Então, como observado, há uma terminologia comum na tentativa de unir o homem com Deus, como os termos “mente”, “alma”, “salvar a alma”, “catarsis”, “êxtase”, “iluminação”, etc. Mas examinemos o significado desses termos nos ensinamentos do neoplatonismo e comparemos com a teologia da Igreja, a fim de ver o abismo que existe entre o neoplatonismo e a teologia néptica ortodoxa de nossa Igreja. A teologia néptica ortodoxoa e a tradição nada têm a ver com as teorias neoplatônicas, “sobre a alma imortal por natureza”, que deve retornar à esfera das idéias e à “natureza do corpo” que deve ser eliminada.  Além disso, não tem nada a ver com o ensino neoplatônico sobre a salvação do homem, ou seja, que a salvação do homem consiste na liberação da alma do corpo. Da mesma forma, os ensinamentos da Igreja Ortodoxa sobre a catarsis, a iluminação e a theosis não têm nada a ver com a tentativa do homem de se unir por meio de atos e rituais mágicos e teúrgicos, como ensinado e praticado pelo neoplatonismo e especialmente por Iamblichos.
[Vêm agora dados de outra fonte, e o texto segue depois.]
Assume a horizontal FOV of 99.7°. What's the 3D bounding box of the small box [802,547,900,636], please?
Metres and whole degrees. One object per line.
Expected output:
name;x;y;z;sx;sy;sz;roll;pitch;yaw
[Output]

Portanto, realmente existe um ponto de vista em certos teólogos ortodoxos que é atribuído às interpretações de teólogos ocidentais, segundo o qual a ascese ortodoxa (como expressa pelos Padres de nossa Igreja) está - supostamente - relacionada com o misticismo oriental dos neoplatônicos. Há, subsequentemente, uma influência também na área de implementação prática na vida das pessoas, uma vez que nossa tradição tem sido permeada pela propagação de um monasticismo ocidental, moralista e ativista, que negligencia e despreza o espírito Hesicasta da Igreja Ortodoxa. Isso constitui um ecumenismo na prática; é uma secularização da Igreja Ortodoxa e do monasticismo ortodoxo.
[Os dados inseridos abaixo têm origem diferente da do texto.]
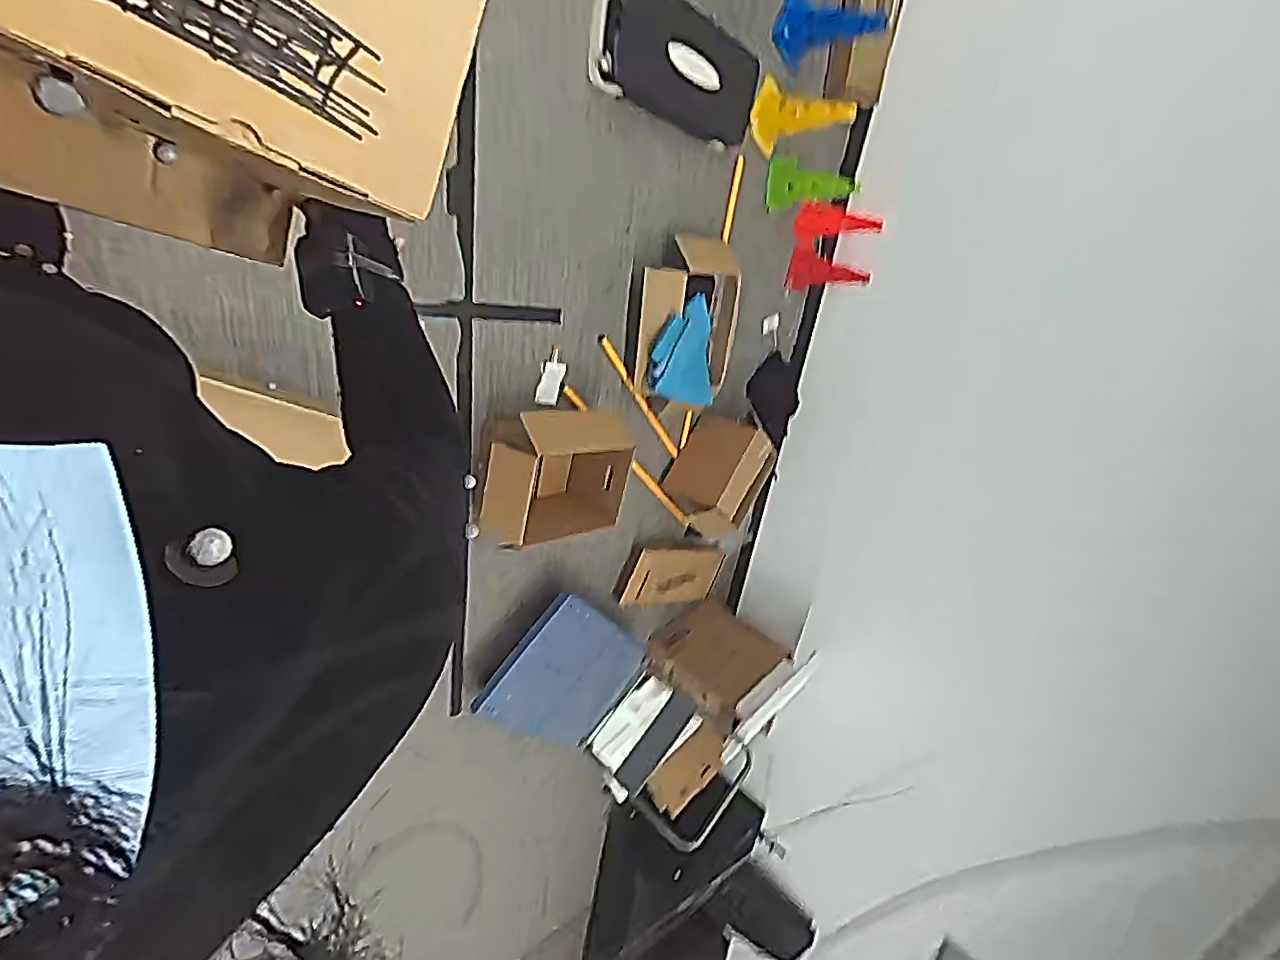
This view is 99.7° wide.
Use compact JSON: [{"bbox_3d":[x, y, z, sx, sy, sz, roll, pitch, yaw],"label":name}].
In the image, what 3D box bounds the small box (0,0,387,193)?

Em conclusão, gostaria de observar o seguinte, muito resumidamente: que em alguns teólogos ortodoxos, pode-se detectar uma influência de outras tradições, tanto na teologia quanto na ascese. Além disso, alguns teólogos - na prática - pensam, teologizam e buscam os mesmos estilos de vida que papistas e protestantes. É por isso que eu apoio que nós, ortodoxos, devemos também examinar em que grau estamos desconectando os sacramentos da Igreja da teologia ortodoxa de nossos Padres e da ascese ortodoxa que é expressa no hesicasmo.

Devemos olhar para esta questão, se somos discernidos como “ortodoxos uniatas” e “ortodoxos protestantes”, enquanto simultaneamente somos clérigos ortodoxos, monges e leigos que abraçaram em certas áreas os dogmas e as visões do papismo e do protestantismo, ou, pelo menos aceito-abraçado a metodologia da teologização e a metodologia da ascese que prevalece nessas duas confissões.
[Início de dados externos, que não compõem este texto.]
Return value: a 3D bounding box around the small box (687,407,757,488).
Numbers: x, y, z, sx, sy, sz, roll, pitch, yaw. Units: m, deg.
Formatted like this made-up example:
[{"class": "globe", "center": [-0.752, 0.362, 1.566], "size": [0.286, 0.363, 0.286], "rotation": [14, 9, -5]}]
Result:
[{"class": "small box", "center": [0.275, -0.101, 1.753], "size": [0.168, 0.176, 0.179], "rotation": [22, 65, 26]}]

Em outras palavras, nós, ortodoxos, devemos ter o cuidado de não provar que somos Uniatas na prática, nem mostrar qualquer unidade protestante particular, mantendo sacramentos ortodoxos e participando deles, porém possuindo teologia e ascese protestante; em outras palavras, viver o ecumenismo na prática, tanto na teologia quanto na ascese.